Bis zum Herbst ist es nicht mehr lang: Reformationsjubiläum und Bundestagswahl

 

Diese Woche war der Reformationstruck in Schwäbisch Hall. Die Stadt des Johannes Brenz gehört zu den Reformationsstädten Europas. Im Herbst wird der 31. Oktober einmalig ein gesetzlicher Feiertag, auch bei uns. Bis dahin wird ein neuer Bundestag gewählt sein. Reformation und Bundestag – passt das zusammen? Darf man die Frage stellen, was Luther wohl wählen würde?

Die Frage führt vermutlich nicht weiter, aber einen Impuls für das Verhältnis von Glauben und Politik hat Martin Luther gegeben. Er tat dies programmatisch in seiner Schrift „Von weltlicher Oberkeit, wie weit man ihr Gehorsam schuldig sei“.

Darin entfaltet Luther 1523 die Lehre von den zwei Regierungsweisen Gottes. Auf der einen Seite steht das „Reich zur Linken“. Es ist für Luther die von Vergänglichkeit, Tod und Sünde befallene Schöpfung, die Gott aber trotz des Sündenfalls nicht sich selber überlässt. Hier herrschen Ordnungen und Gesetze, und durch Anwendung der menschlichen Vernunft kann verhindert werden, dass das Chaos sich ausbreitet.

Auf der anderen Seite steht das „Reich zur Rechten“. Hier geht es um die Offenbarung Gottes in seinem Sohn Jesus Christus. Hier ist das Evangelium im Zentrum, und es ist die Aufgabe der Kirche, auf dieses Evangelium hinzuweisen. Hier findet der Mensch Heil durch den Glauben an Jesus Christus, weil seine Schuld vergeben ist, und er durch ihn den Zugang zum himmlischen Vater hat.
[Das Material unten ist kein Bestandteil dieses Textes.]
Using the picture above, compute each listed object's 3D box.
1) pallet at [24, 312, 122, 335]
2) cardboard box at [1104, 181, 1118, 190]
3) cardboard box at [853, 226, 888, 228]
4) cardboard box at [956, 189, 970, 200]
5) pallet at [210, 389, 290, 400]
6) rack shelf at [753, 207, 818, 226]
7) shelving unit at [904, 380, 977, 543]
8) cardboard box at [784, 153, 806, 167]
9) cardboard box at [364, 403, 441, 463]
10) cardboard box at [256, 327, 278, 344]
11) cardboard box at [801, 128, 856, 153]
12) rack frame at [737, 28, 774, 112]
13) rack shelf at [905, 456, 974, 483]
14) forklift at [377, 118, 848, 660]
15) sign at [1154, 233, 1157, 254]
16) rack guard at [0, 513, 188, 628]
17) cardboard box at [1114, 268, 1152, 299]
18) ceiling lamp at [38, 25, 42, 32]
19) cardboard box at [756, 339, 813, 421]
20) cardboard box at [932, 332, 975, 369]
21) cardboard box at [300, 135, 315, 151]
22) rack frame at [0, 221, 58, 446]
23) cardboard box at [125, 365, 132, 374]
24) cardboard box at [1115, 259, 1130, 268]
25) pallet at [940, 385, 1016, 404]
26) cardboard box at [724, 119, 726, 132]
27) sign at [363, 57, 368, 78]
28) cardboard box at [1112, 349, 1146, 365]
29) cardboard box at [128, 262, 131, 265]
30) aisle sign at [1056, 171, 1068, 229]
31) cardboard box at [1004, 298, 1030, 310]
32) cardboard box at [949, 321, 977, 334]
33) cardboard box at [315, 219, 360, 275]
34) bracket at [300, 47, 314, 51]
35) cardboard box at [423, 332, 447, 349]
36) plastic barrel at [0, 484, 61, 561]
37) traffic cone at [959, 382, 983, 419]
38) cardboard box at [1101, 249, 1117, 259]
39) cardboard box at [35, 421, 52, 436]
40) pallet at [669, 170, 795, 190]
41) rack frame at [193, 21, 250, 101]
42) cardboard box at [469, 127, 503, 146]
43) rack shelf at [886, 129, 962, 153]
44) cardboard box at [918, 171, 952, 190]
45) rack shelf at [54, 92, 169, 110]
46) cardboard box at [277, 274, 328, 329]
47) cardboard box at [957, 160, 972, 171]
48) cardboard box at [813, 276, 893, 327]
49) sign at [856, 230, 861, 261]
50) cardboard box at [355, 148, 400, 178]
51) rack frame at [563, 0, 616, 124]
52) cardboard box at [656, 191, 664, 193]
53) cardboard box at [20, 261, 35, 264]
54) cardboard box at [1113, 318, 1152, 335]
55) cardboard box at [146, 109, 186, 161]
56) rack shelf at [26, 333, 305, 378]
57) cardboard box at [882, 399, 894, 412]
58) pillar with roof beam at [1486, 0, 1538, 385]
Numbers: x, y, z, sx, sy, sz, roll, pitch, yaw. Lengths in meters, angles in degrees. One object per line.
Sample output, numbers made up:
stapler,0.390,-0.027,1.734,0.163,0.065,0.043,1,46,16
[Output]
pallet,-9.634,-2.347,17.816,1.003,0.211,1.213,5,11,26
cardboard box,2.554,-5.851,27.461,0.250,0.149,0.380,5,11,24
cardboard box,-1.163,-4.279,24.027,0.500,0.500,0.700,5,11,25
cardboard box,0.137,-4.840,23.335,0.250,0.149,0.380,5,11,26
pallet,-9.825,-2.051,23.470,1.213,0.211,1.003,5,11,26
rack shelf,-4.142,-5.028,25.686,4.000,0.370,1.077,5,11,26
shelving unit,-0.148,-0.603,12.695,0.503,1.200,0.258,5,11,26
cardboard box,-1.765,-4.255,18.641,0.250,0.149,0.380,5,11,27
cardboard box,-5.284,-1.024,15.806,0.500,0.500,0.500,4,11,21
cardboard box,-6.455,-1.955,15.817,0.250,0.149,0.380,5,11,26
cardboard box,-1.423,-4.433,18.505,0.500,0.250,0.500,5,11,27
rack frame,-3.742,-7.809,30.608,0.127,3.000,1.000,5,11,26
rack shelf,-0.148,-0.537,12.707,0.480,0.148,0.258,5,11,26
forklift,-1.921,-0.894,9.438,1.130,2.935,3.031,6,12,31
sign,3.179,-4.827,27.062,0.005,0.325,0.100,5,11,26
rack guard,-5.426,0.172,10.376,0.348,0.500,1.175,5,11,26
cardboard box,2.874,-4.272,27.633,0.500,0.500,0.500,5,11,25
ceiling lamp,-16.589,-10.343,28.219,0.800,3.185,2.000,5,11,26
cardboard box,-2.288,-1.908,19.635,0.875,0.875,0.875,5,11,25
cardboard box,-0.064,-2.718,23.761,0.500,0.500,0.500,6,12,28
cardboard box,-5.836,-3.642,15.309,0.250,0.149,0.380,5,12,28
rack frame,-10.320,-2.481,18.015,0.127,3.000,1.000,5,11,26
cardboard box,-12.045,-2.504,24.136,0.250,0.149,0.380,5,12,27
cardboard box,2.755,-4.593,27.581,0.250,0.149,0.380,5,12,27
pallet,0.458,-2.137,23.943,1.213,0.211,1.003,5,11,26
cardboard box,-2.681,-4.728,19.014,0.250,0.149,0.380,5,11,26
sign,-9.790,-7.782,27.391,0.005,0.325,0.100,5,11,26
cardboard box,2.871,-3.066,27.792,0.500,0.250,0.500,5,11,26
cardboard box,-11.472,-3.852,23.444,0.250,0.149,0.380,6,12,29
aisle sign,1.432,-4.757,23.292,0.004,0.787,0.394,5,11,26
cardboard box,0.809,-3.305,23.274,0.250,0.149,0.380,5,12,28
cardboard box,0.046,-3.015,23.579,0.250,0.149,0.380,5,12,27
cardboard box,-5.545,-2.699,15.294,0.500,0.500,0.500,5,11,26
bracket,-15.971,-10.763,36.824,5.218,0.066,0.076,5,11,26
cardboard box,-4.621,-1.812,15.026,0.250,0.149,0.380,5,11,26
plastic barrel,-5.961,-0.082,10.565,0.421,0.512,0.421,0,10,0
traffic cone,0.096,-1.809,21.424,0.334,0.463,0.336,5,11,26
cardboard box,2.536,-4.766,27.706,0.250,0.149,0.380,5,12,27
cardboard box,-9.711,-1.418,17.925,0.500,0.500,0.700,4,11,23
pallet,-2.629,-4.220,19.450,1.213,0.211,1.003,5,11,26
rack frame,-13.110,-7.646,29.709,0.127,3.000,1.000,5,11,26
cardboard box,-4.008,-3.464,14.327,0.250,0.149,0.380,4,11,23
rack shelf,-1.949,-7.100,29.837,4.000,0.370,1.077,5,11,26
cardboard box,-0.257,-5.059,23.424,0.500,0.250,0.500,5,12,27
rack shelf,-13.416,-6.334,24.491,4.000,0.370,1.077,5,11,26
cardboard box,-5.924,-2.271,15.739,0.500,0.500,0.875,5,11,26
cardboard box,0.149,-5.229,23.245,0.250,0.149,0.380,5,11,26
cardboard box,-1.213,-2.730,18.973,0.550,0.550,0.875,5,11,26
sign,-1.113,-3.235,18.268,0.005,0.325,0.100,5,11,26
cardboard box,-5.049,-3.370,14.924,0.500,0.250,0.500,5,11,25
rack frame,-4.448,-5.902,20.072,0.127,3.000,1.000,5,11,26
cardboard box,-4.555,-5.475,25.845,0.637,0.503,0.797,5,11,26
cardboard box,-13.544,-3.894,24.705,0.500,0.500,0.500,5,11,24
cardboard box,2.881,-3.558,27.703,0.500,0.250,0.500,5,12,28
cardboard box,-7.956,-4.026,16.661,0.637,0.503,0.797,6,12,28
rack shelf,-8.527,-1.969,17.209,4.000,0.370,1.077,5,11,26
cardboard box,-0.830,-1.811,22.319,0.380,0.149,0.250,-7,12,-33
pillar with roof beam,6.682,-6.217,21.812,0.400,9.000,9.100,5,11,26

Wer dies glaubt, bleibt dennoch bis zur Wiederkunft Christi auch ein Bürger und muss beziehungsweise darf seinen Beruf „im Reich zur Linken“ ausführen. Beruf ist dabei für Luther viel weiter gefasst, als wir dies heute verstehen. Beruf ist für ihn jede Berufung in die Verantwortung, sei es in Familie, Nachbarschaft, am Arbeitsplatz oder auch in der Politik. Hier übernimmt der Christ Verantwortung für die Menschen, die Gott ihm anvertraut hat. Die konkreten Einzelentscheidungen entspringen dabei einem vernünftigen Abwägen von Pro und Kontra.

In unserer Zeit gibt es die unterschiedlichsten politischen Angebote. Damit verbunden ist unsere Möglichkeit, nach vernünftigem Abwägen einer bestimmten Partei unsere Stimme zu geben. Hier werden Christen zu ganz unterschiedlichen Ergebnissen kommen. So ist eine wirtschaftsliberale Position, die die Wettbewerbsfähigkeit der deutschen Wirtschaft im Blick hat, nicht unchristlicher als eine linke Position, die eine möglichst egalitäre Gesellschaft anstrebt. Unchristlich wird die Politik freilich dann, wenn sie den eigenen Vorteil sucht oder aber quasi-religiöse Verehrung einfordert.

Nach Luther besteht auch für die Kirche die Gefahr, dass sie ihrer Berufung untreu wird. Dies ist dann der Fall, wenn sie selbst zur politischen Akteurin wird und darüber die Verkündigung der frohen Botschaft vernachlässigt. Denn die Kirche ist kein Selbstzweck, sondern dazu berufen, auf Jesus Christus hinzuweisen.